Can Strattera Be Prescribed for ADHD in a Patient with Seizure History on Keppra?
Yes, a healthcare provider can prescribe Strattera (atomoxetine) for ADHD in a patient with a history of seizures who is on Keppra (levetiracetam), but this requires careful monitoring and informed consent about the seizure risk.
Seizure Risk with Atomoxetine
The FDA label for atomoxetine explicitly acknowledges seizure risk.
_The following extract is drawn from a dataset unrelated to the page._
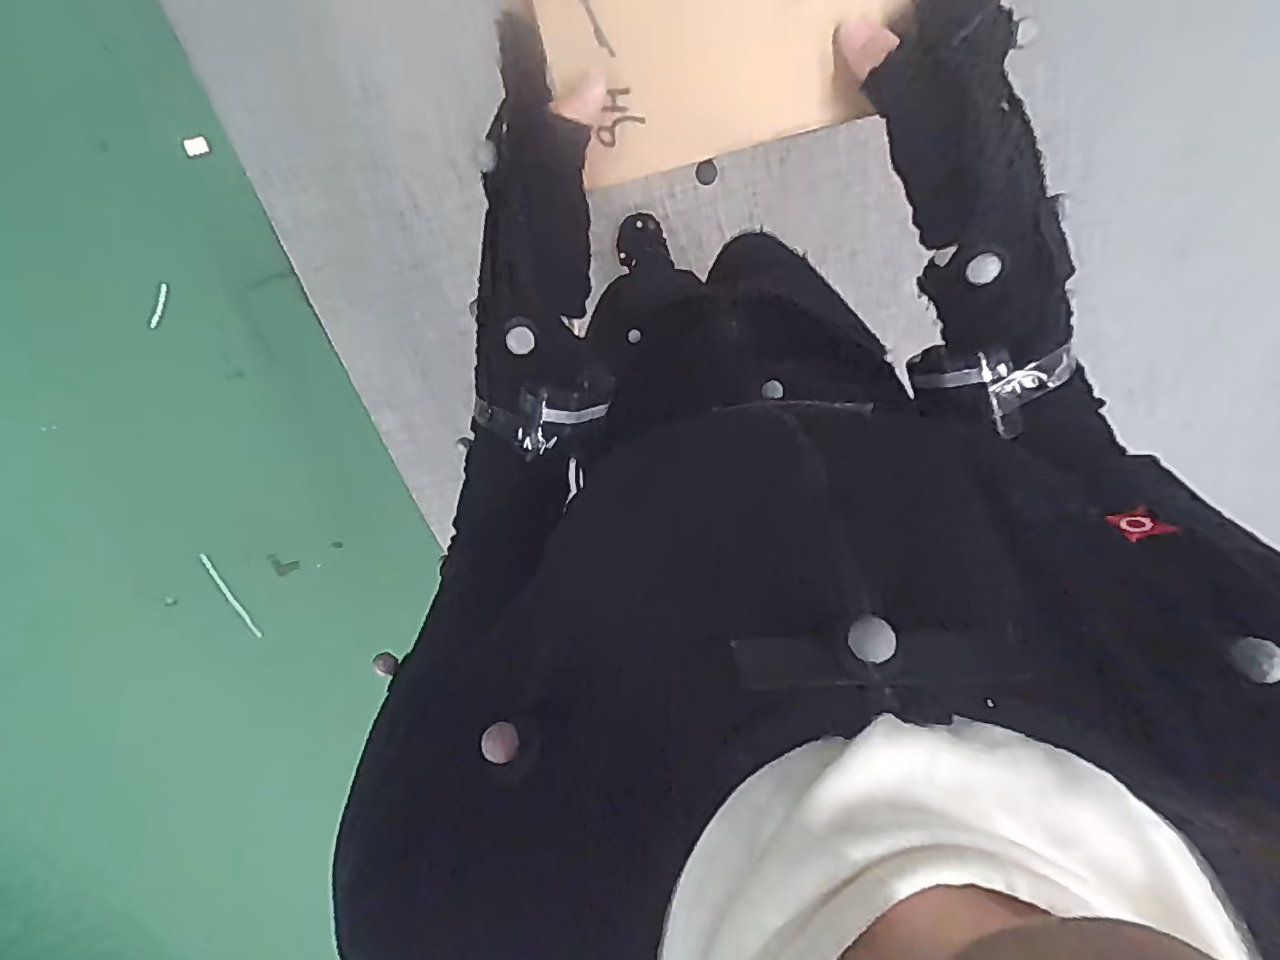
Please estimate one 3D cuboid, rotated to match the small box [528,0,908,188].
[{"bbox_3d":[0.026,-0.277,0.307,0.179,0.176,0.168,-13,118,2],"label":"small box"}]

Seizures have been reported in postmarketing surveillance, including in patients with pre-existing seizure disorders, those with identified risk factors for seizures, and patients with neither history nor risk factors 1. The exact relationship between atomoxetine and seizures remains difficult to evaluate due to uncertainty about baseline seizure risk in ADHD patients 1.
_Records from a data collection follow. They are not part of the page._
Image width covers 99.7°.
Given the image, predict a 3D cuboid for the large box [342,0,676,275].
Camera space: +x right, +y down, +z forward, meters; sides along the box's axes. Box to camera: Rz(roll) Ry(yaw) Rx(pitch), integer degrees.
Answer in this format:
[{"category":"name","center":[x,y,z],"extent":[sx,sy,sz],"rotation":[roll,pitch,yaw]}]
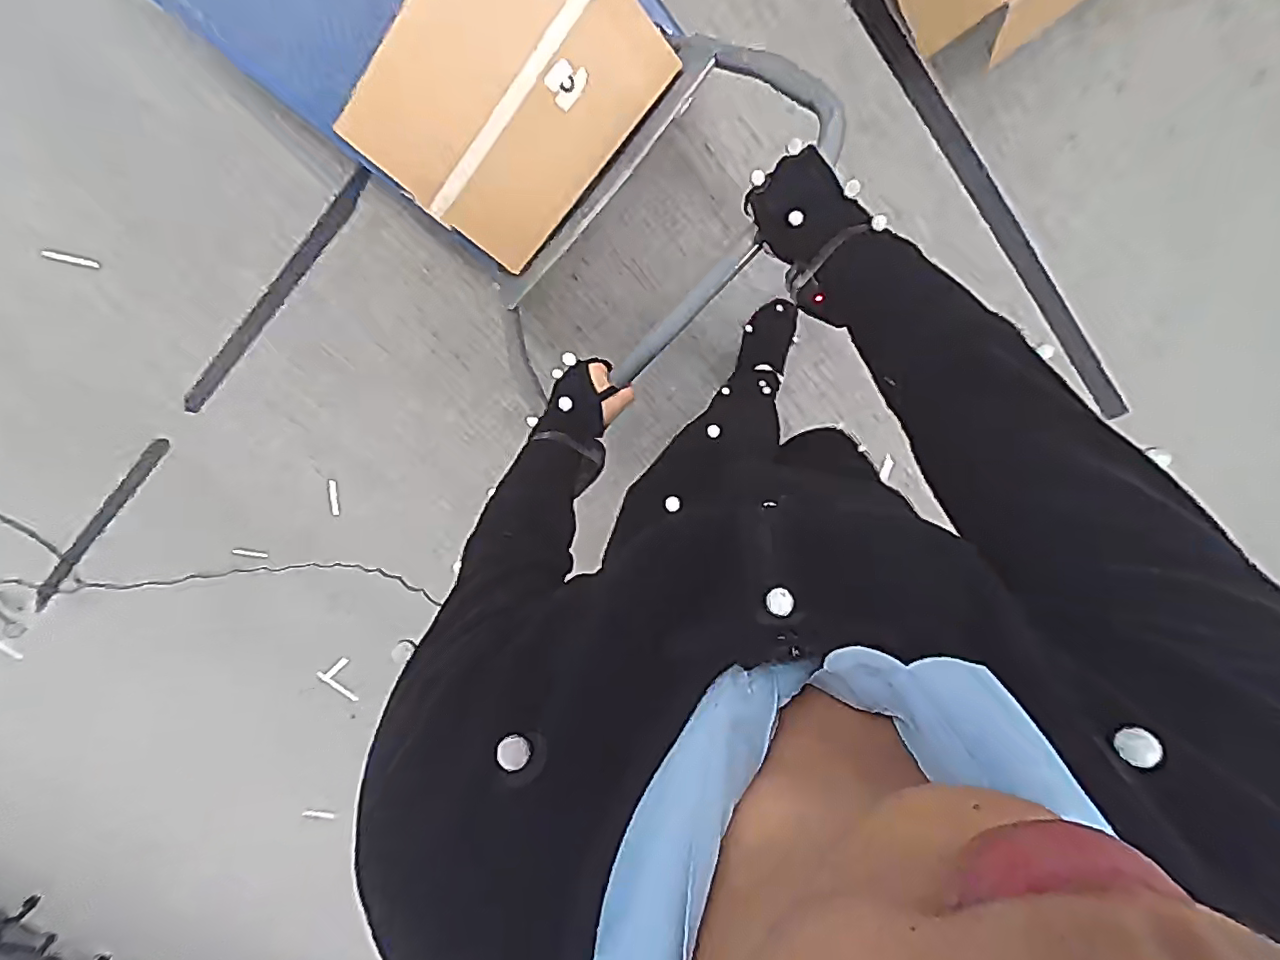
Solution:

Case reports document serious seizure-related adverse events with atomoxetine:
- A 17-year-old experienced a tonic-clonic seizure after atomoxetine overdose (2840 mg), though this was a supratherapeutic dose 2
- An 18-year-old on therapeutic atomoxetine (60 mg/day) developed complex partial seizures with focal EEG abnormalities and regional hypoperfusion that resolved within 48 hours of discontinuation 3
Clinical Decision Framework
When Atomoxetine May Be Appropriate
Atomoxetine is particularly useful for ADHD patients at risk of substance abuse, those with comorbid anxiety or tics, or who prefer a non-controlled substance 4. For your patient with controlled epilepsy on levetiracetam, atomoxetine can be considered if:
- Seizures are well-controlled on current antiepileptic therapy (levetiracetam) 5
- The patient has failed or cannot tolerate stimulant medications 4
- There are contraindications to stimulants (e.g., substance abuse risk, cardiovascular concerns) 4
Monitoring Requirements
If prescribing atomoxetine to this patient:
- Start at the lower end of the dosing range: 40 mg PO daily, titrating every 7-14 days to 60-80 mg/day (maximum 1.4 mg/kg/day or 100 mg/day) 6
- Ensure levetiracetam levels are therapeutic and seizures remain controlled 5
- Monitor closely for any seizure activity, particularly during dose titration 1
- Educate the patient to report immediately any new neurological symptoms (headache, sensory changes, confusion) 3
- Consider baseline and follow-up EEG if clinically indicated 3
Alternative Considerations
Stimulant medications (methylphenidate) remain first-line for ADHD and do not provoke seizures in most patients with epilepsy, though seizure frequency may increase in children with active epilepsy 7. However, atomoxetine offers advantages as a non-controlled substance with negligible abuse potential 4.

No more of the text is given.